[Opening SUPPLIED INFORMATION section]

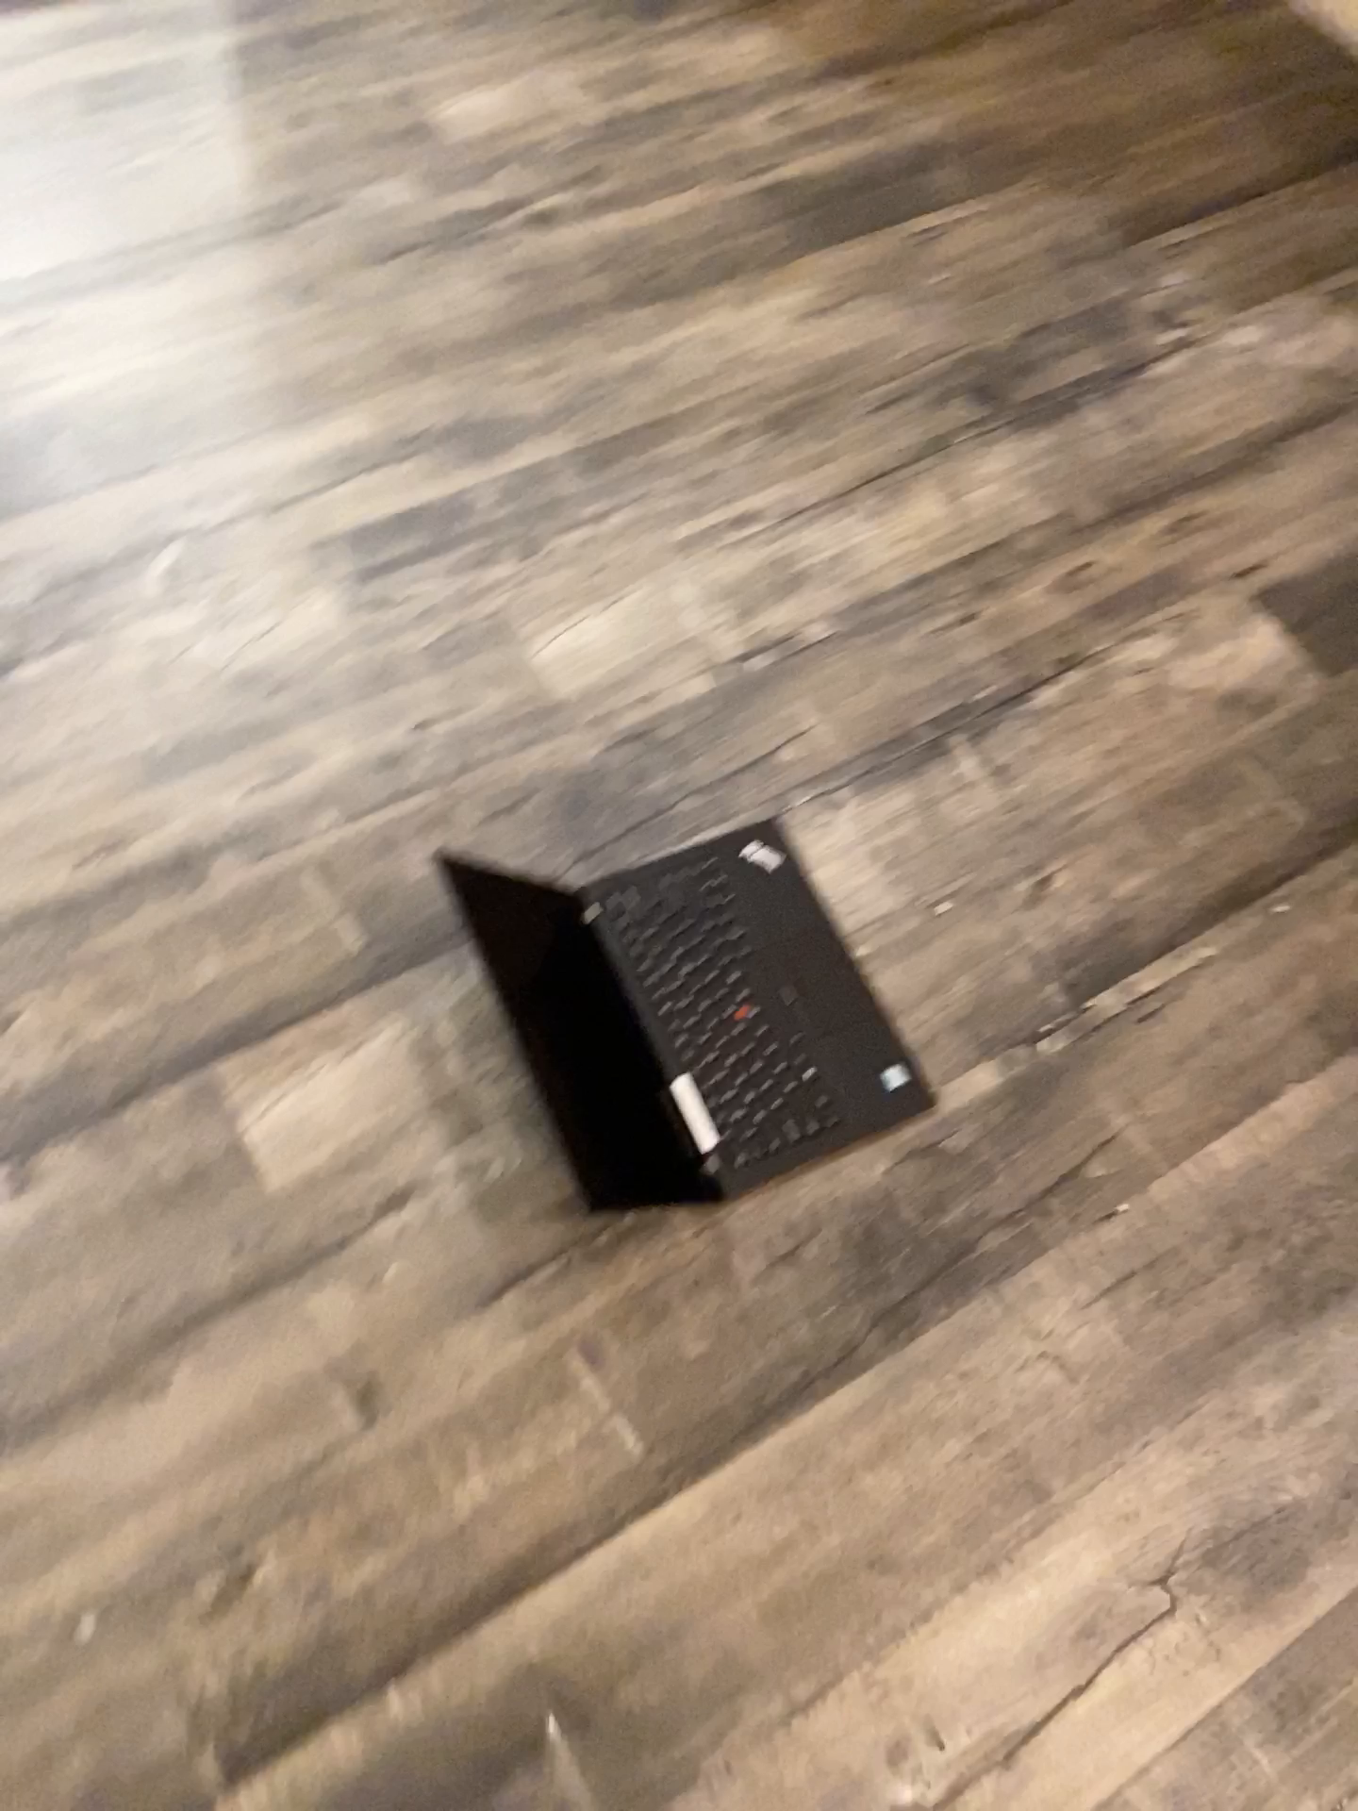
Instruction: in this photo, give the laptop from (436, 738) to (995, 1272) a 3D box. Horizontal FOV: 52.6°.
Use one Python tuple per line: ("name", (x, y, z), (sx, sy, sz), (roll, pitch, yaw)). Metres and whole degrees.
("laptop", (0.021, 0.073, 1.167), (0.356, 0.149, 0.319), (-19, 66, -20))

[Closing SUPPLIED INFORMATION section]

REQUIRED WORK ->
Restate all of the material above word for word, excluding the pictures.

SOLUTION ->
Instruction: in this photo, give the laptop from (436, 738) to (995, 1272) a 3D box. Horizontal FOV: 52.6°.
Use one Python tuple per line: ("name", (x, y, z), (sx, sy, sz), (roll, pitch, yaw)). Metres and whole degrees.
("laptop", (0.021, 0.073, 1.167), (0.356, 0.149, 0.319), (-19, 66, -20))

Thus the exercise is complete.